Gorenje Acquires Dutch Appliance Manufacturer
June 12, 2008
Amsterdam-based Gorenje has acquired a 100 percent ownership stake in ATAG Europe B.V. The acquisition of the top-level Dutch provider of
household appliances is the largest acquisition in the history of the company's
operations, with Gorenje thereby realising its strategy as a fast growing Pan- European
player.
ATAG Europe B.V.
generated nearly EUR 150 million in net sales revenues last year, which represents
approximately 14 percent of the operating revenues of the Gorenje Group, and a
net profit exceeding EUR 11 million. The EBITDA, which is the profit before amortisation which
represents a rough measurement of cash flows generated from operating
activities, amounted to EUR 19 million last year. ATAG Europe B.V. has 420
employees and generates 90 percent of its revenues through the sale of
household appliances in the Benelux area -- which consists of Belgium, the Netherlands, and Luxembourg -- and 75 percent of the sales came from ATAG's brand names including Atag, Etna, Pelgrim. The brands are classified
predominantly in the high or medium-high price classes. The company possesses between
10 and 30 percent market share in these markets.
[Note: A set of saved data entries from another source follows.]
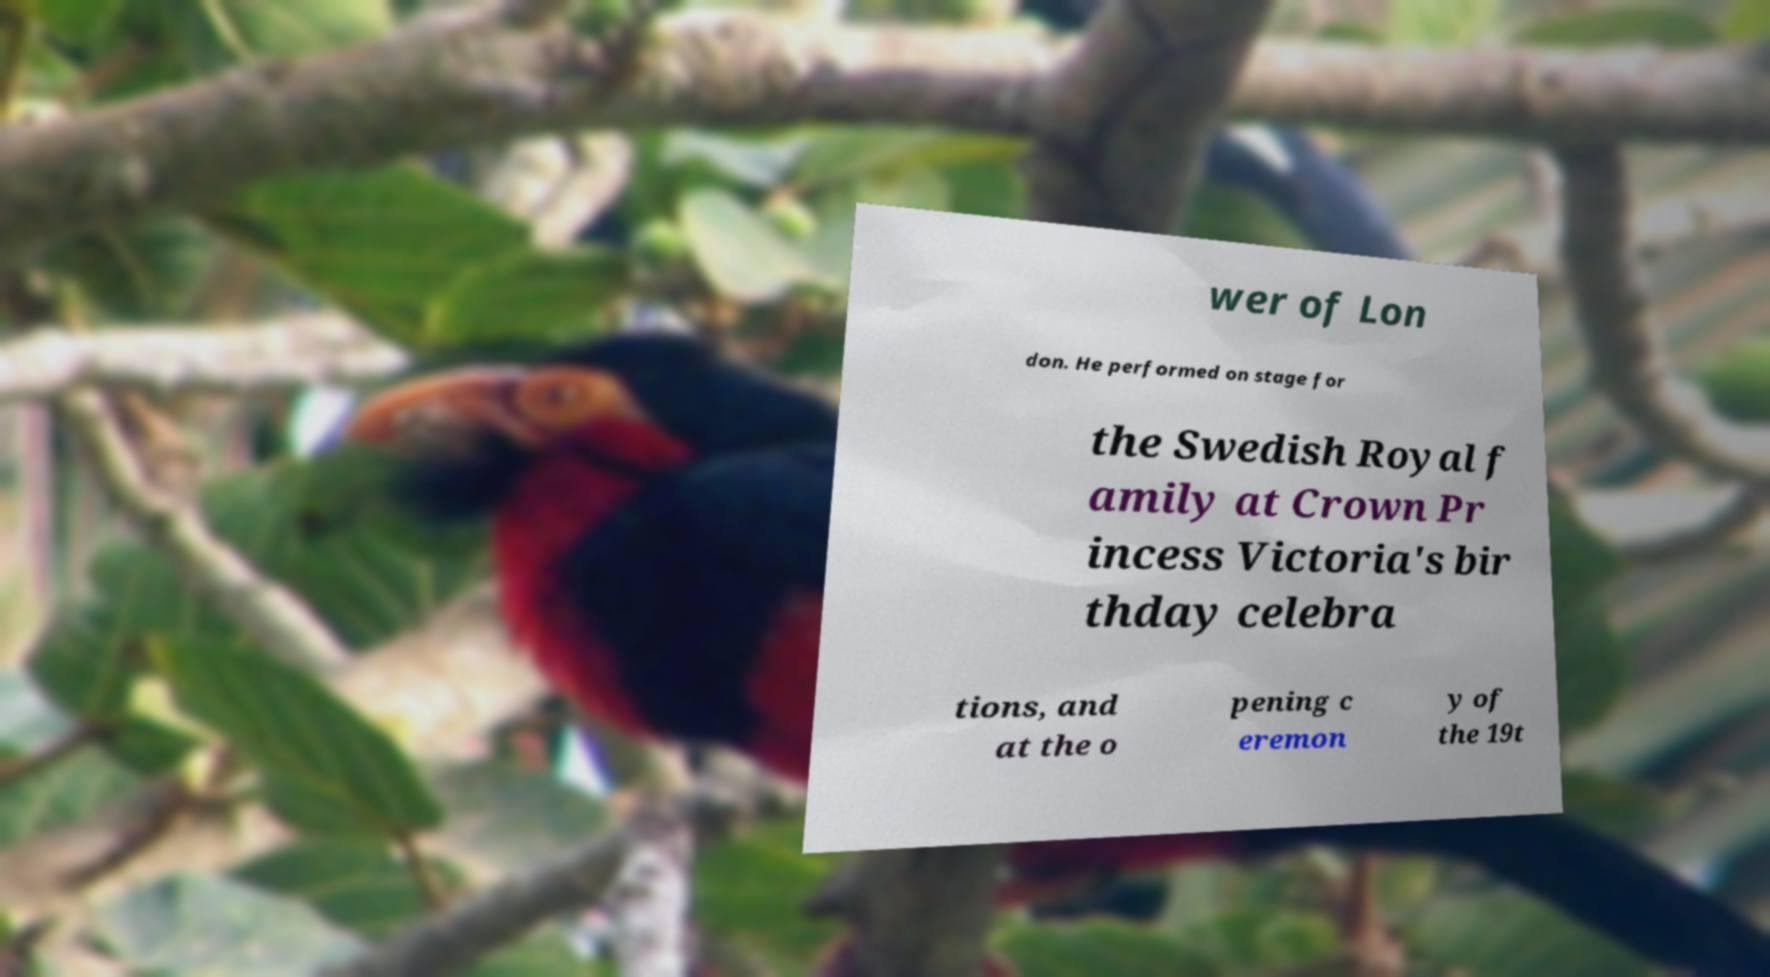Please read and relay the text visible in this image. What does it say? wer of Lon don. He performed on stage for the Swedish Royal f amily at Crown Pr incess Victoria's bir thday celebra tions, and at the o pening c eremon y of the 19t 
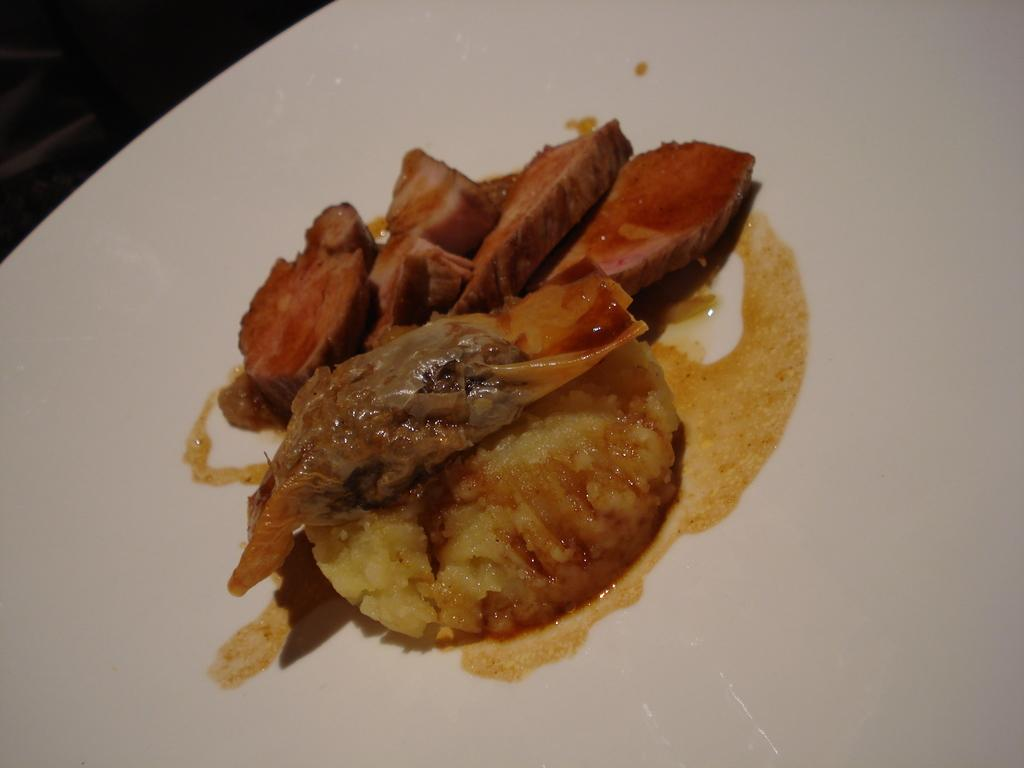What is on the plate that is visible in the image? There is food on a plate in the image. What color is the plate? The plate is white. How many ornaments are hanging from the plate in the image? There are no ornaments hanging from the plate in the image. What type of baby food can be seen on the plate? There is no baby food present in the image, as it only features food on a white plate. 
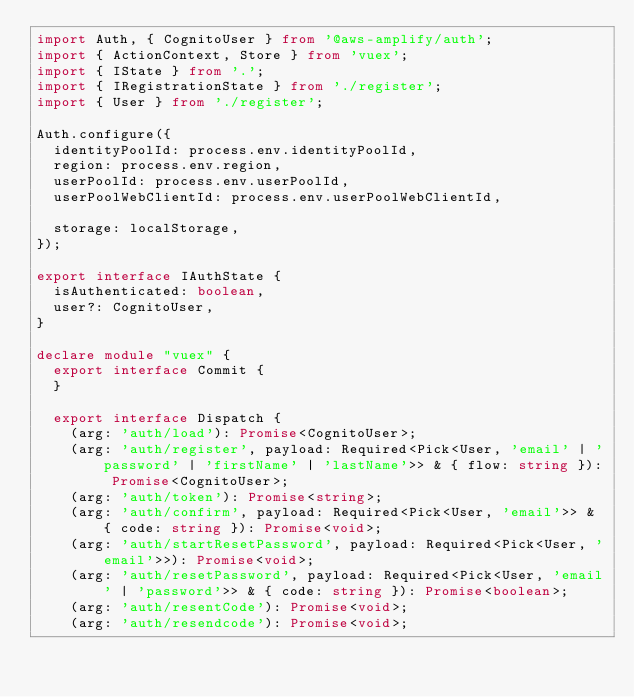Convert code to text. <code><loc_0><loc_0><loc_500><loc_500><_TypeScript_>import Auth, { CognitoUser } from '@aws-amplify/auth';
import { ActionContext, Store } from 'vuex';
import { IState } from '.';
import { IRegistrationState } from './register';
import { User } from './register';

Auth.configure({
  identityPoolId: process.env.identityPoolId,
  region: process.env.region,
  userPoolId: process.env.userPoolId,
  userPoolWebClientId: process.env.userPoolWebClientId,

  storage: localStorage,
});

export interface IAuthState {
  isAuthenticated: boolean,
  user?: CognitoUser,
}

declare module "vuex" {
  export interface Commit {
  }

  export interface Dispatch {
    (arg: 'auth/load'): Promise<CognitoUser>;
    (arg: 'auth/register', payload: Required<Pick<User, 'email' | 'password' | 'firstName' | 'lastName'>> & { flow: string }): Promise<CognitoUser>;
    (arg: 'auth/token'): Promise<string>;
    (arg: 'auth/confirm', payload: Required<Pick<User, 'email'>> & { code: string }): Promise<void>;
    (arg: 'auth/startResetPassword', payload: Required<Pick<User, 'email'>>): Promise<void>;
    (arg: 'auth/resetPassword', payload: Required<Pick<User, 'email' | 'password'>> & { code: string }): Promise<boolean>;
    (arg: 'auth/resentCode'): Promise<void>;
    (arg: 'auth/resendcode'): Promise<void>;</code> 
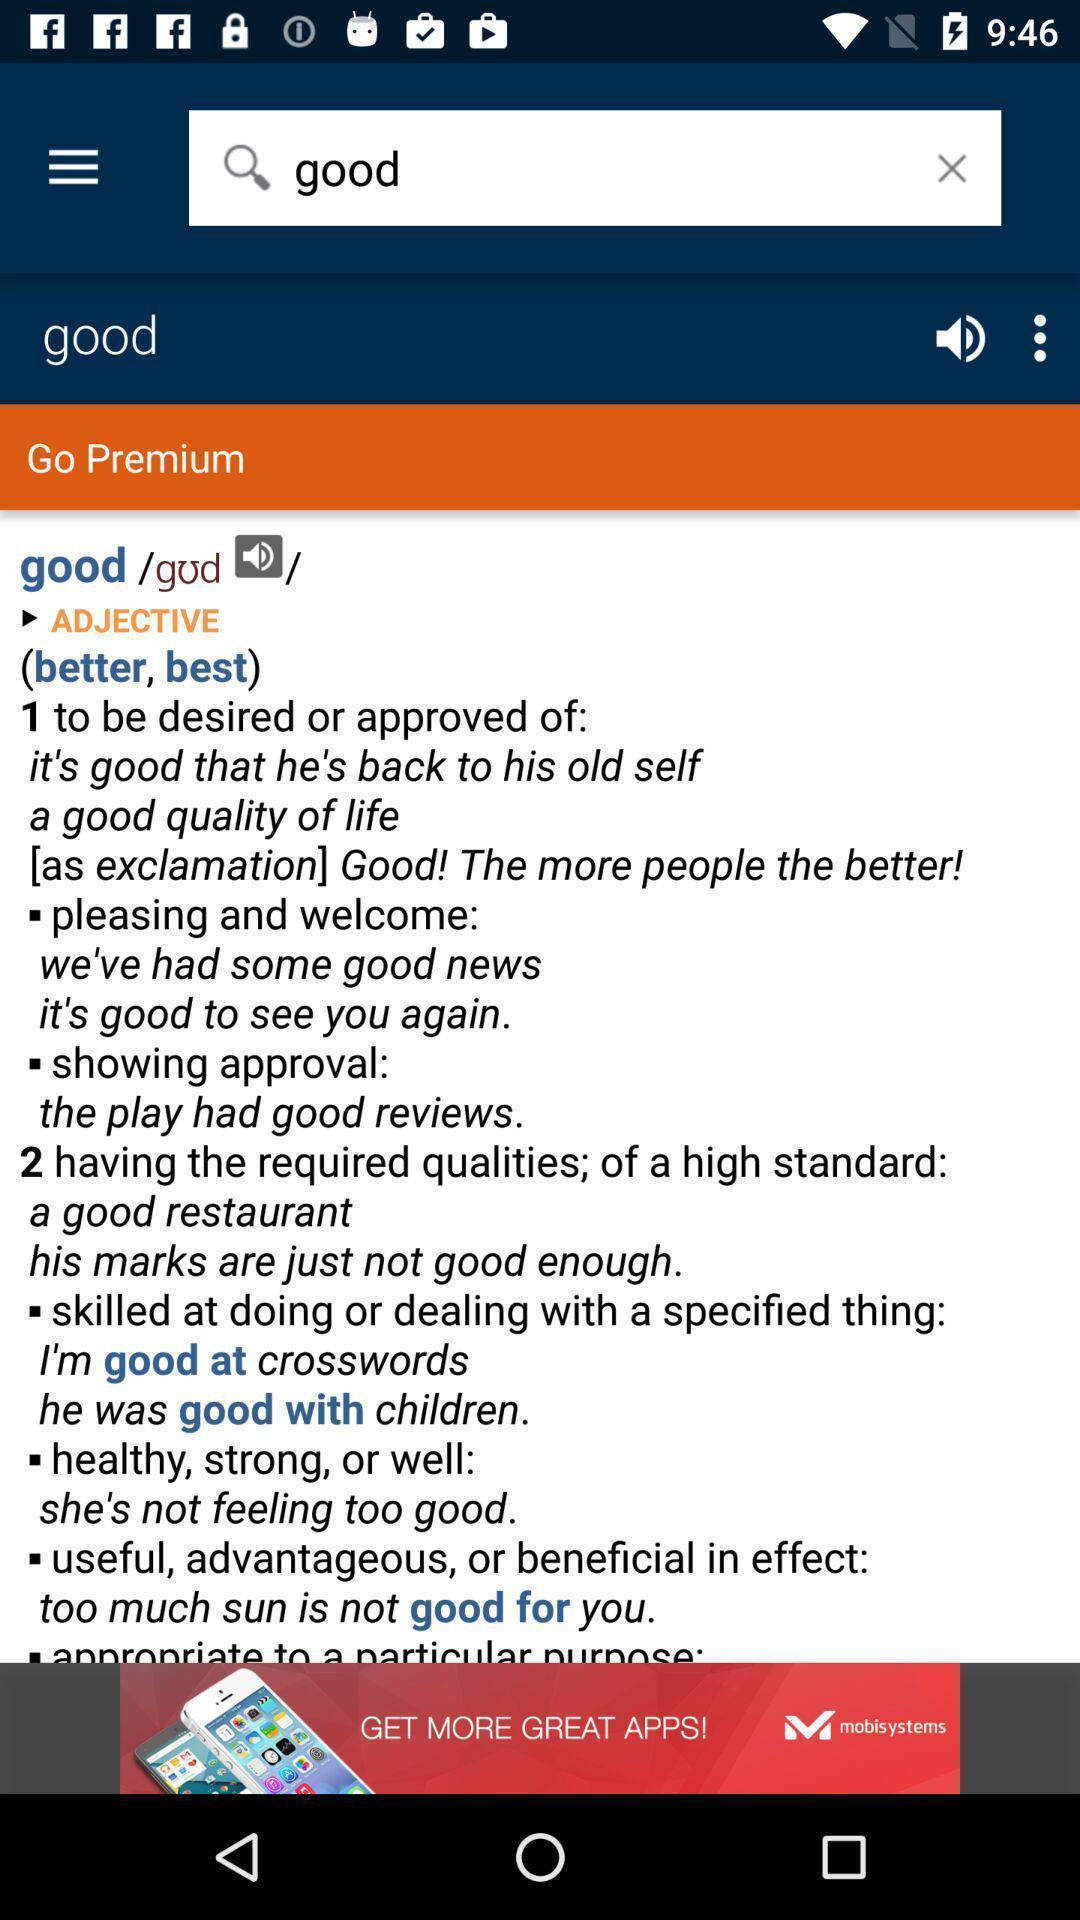Summarize the information in this screenshot. Search bar to find words. 
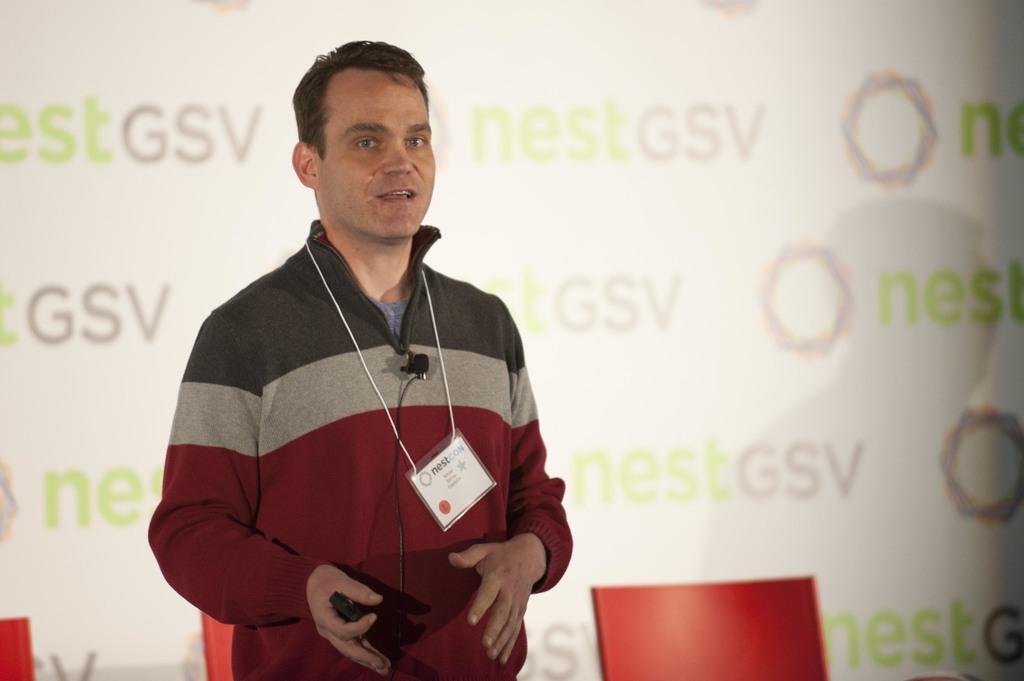Please provide a concise description of this image. In this image I can see a person wearing maroon, ash and black colored dress is standing and holding a black colored object in his hand. In the background I can see the white colored banner.

“The acquisition of ATAG Europe
B.V. is a historical milestone for Gorenje. It is a winning combination since it
represents completion of Gorenje brand names portfolio with the high positioned
brands and enables important strengthening of Gorenje Group position in Europe. Gorenje is thus realising its strategic plan and has assumed its active role in
consolidation processes in the industry of household appliances. Between
Gorenje and Atag, we see numerous synergies in marketing, procurement, product
management and production ”, said Franjo Bobinac, President of the Management
Board and CEO.
With the inclusion of ATAG Europe
B.V. in the Gorenje Group, Gorenje will succeed in covering the last remaining
untapped market in Europe and enter the more than 20 million strong Benelux
market where it had been present only to a minimal degree. At the same time, it
will acquire the prestigious Atag brand name which is ranked in the highest
price class of household appliances. In this way it will also cover the most
prestigious high-end portions of certain western markets. The company 's
inclusion will thus significantly contribute to a growth in the financial indicators
of the Gorenje Group. The acquisition of the company ATAG Europe B.V. also
represents a significant milestone in operations of Gorenje, since the Director
and 100 percent owner of the assumed company, Mr. Philip Sluiter who played a
leading role in the development of ATAG Europe B.V., will join Gorenje's
Management Board. Mr. Sluiter will remain the Director of the company ATAG
Europe B.V. and thus ensure that the company continues to attain the desired
growth of business results. On the Management Board, Mr. Sluiter will be responsible
for the Gorenje Group's operations in the Benelux, development of Gorenje's
supplementary programme and the development of the prestigious ATAG brand
names. On the occasion of the signing of the contract Philip Sluiter stressed
the following: “The strategic fit between the two companies is superb and
should result in even better future performance of the new combination. I am looking
forward to the new common challenges.”
The purchase price for the
acquisition of ATAG Europe B.V. is 130 million euro. The acquisition amount
will be financed partly through an additional debt and partly through the
transfer of the treasury shares for the beneficiary owner, company HOME
PRODUCTS EUROPE B.V., which will by this transaction become a qualified
shareholder of Gorenje. The price for the treasury shares transfer is being
determined according to the 6 months average of the uniform price of Gorenje
shares at Ljubljana Stock Exchange, as according to the resolution of the
Gorenje Shareholders meeting on 4th July
2005. Management estimates that on the closing date there will be approximately
1 million of treasury shares to be transferred to HOME PRODUCTS EUROPE B.V.,
which has agreed to a lock up of the shares for the period of four years from
the date of transfer. For the same period the shares will also be pledged in
favour of Gorenje, d.d against potential risks originating from the period prior
to the date of closing. The contract becomes valid after Gorenje receives the
approval from the relevant competition authorities, which the company expects
to receive by the end of June.
The acquisition will not have an
effect on Gorenje's production employees in Slovenia as the company ATAG Europe
B.V. is solely involved in the development, procurement and sale of its own
products while the production of products is outsourced to partner companies.